## ASSIGNMENT
Spot each line in the records below where the word "offset" occurs, then copy it.

BEGIN DATA FOR THIS EXERCISE

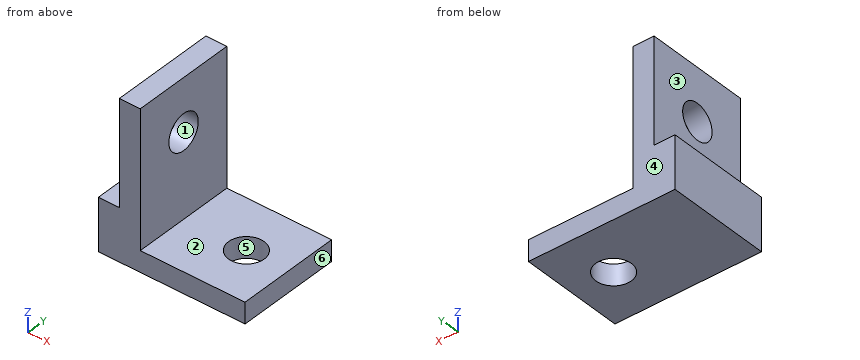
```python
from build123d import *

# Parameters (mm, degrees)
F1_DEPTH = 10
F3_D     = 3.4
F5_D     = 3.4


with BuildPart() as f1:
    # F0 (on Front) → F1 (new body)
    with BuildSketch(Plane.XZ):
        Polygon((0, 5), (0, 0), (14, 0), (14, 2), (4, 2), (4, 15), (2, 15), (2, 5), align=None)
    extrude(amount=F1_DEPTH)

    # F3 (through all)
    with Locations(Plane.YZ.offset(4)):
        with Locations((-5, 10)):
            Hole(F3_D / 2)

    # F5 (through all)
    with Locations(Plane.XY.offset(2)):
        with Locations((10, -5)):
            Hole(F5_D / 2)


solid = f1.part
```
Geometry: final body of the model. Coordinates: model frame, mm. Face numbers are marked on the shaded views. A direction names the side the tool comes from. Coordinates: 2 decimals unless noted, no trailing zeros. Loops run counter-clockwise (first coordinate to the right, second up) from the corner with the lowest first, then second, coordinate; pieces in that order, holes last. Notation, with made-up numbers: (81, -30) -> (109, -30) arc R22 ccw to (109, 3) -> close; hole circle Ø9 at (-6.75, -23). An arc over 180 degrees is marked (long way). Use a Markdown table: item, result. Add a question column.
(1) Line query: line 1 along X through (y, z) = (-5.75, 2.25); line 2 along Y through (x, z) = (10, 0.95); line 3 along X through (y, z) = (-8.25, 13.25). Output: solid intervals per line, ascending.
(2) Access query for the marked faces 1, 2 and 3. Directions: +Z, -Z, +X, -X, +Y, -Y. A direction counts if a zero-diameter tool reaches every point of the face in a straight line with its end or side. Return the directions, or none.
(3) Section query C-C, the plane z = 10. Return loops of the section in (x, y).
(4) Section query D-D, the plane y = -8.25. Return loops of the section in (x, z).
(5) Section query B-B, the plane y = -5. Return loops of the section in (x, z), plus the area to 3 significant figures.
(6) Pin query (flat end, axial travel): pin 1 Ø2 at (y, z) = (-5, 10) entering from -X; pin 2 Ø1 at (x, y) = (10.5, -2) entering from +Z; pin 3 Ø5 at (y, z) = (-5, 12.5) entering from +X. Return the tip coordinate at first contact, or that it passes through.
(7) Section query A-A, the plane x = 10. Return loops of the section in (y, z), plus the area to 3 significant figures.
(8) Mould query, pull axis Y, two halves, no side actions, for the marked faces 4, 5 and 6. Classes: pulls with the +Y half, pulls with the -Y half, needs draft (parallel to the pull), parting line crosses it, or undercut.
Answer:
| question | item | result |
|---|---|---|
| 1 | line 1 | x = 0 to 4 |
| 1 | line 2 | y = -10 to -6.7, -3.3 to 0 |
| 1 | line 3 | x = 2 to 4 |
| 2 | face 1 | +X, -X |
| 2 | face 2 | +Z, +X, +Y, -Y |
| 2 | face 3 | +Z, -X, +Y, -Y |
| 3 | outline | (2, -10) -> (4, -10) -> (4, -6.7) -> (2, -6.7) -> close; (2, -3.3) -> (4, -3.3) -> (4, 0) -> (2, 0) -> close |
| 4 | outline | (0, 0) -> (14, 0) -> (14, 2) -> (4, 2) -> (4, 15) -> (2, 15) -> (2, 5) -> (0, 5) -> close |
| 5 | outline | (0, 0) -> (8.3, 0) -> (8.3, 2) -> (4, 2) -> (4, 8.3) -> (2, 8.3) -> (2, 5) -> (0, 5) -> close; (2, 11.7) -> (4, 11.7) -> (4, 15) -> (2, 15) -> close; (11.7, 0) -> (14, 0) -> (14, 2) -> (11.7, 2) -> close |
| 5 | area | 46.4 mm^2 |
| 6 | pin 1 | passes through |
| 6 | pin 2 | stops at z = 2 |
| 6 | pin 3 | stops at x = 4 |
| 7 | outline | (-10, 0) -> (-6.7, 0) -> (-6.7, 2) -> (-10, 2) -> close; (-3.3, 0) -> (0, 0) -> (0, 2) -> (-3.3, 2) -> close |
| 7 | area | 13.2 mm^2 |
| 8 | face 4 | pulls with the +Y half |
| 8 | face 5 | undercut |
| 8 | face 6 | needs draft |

END DATA FOR THIS EXERCISE

## YOUR RESPONSE
    with Locations(Plane.YZ.offset(4)):
    with Locations(Plane.XY.offset(2)):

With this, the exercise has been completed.